━━━━━ DATA LISTING

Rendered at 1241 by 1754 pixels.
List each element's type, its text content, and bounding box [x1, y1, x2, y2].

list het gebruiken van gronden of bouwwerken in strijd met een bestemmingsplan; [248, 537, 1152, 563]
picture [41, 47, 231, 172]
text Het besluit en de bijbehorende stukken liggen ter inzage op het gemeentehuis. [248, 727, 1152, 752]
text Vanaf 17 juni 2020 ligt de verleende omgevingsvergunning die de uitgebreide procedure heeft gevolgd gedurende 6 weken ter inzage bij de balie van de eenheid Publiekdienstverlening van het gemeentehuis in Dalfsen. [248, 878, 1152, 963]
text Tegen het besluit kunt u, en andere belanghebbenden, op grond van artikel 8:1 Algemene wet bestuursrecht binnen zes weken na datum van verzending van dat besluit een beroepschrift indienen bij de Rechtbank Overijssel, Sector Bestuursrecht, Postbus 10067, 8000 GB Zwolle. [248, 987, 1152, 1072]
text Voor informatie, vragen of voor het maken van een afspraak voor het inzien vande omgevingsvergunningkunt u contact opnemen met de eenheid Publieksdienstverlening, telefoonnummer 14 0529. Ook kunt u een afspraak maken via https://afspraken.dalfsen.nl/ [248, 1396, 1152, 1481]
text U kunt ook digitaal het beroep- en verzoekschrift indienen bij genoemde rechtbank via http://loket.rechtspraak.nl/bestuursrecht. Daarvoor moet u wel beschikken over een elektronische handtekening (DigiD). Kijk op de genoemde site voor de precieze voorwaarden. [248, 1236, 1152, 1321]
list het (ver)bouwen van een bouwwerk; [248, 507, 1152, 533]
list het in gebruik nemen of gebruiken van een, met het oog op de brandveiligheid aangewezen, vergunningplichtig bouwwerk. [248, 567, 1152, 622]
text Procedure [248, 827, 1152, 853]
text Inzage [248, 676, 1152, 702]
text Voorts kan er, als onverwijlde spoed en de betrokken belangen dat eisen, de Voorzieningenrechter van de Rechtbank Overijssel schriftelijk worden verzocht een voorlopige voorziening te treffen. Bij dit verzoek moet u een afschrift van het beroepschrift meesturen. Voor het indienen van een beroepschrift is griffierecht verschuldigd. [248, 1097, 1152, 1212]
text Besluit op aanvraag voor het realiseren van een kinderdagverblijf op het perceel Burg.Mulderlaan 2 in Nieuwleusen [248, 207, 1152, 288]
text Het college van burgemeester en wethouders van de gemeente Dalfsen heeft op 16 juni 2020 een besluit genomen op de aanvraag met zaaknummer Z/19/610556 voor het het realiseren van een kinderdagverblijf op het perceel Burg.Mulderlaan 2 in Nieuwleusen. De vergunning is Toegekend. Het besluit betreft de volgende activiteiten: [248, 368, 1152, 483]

━━━━━━━━━━
━━━━━ DATA LISTING

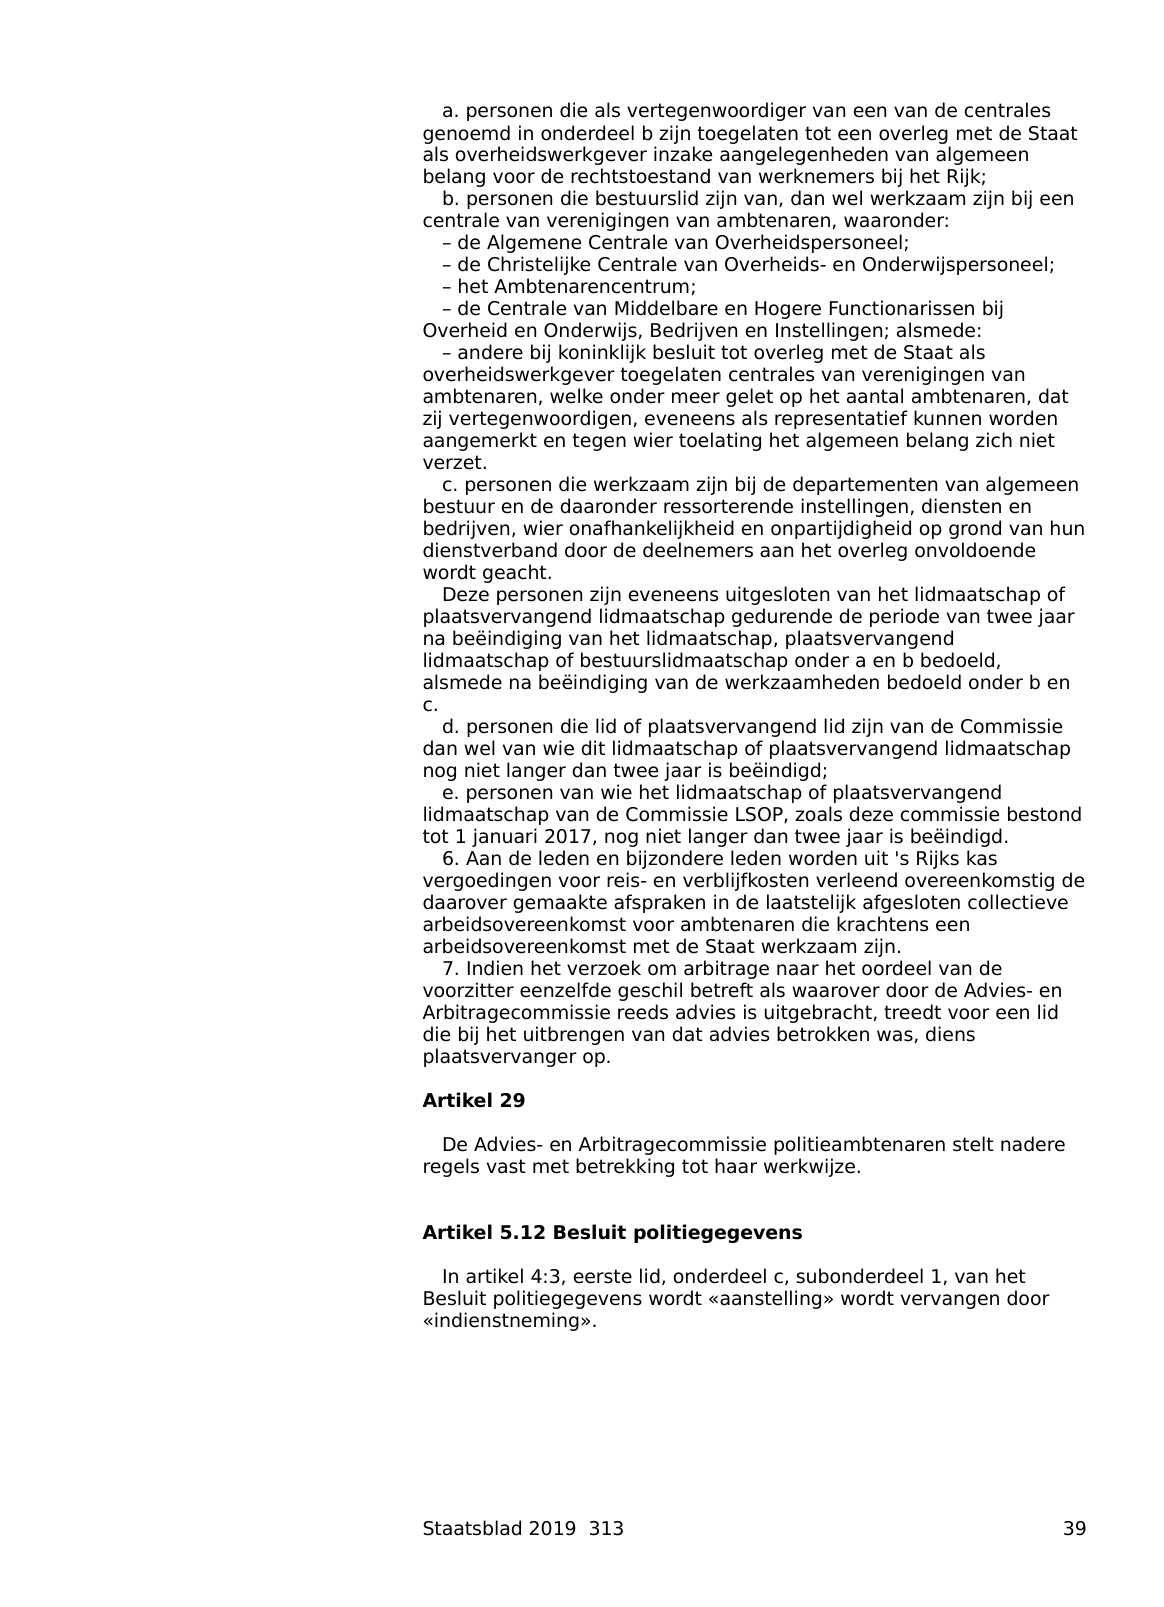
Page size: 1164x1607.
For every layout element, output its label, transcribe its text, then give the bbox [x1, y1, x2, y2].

━━━━━━━━━━

Using the entries above, repeat only the lines from the one containing "Page size: 1164x1607." through the one containing "For every layout", end lines included.

§ YOUR RESPONSE
Page size: 1164x1607.
For every layout element, output its label, transcribe its text, then give the bbox [x1, y1, x2, y2].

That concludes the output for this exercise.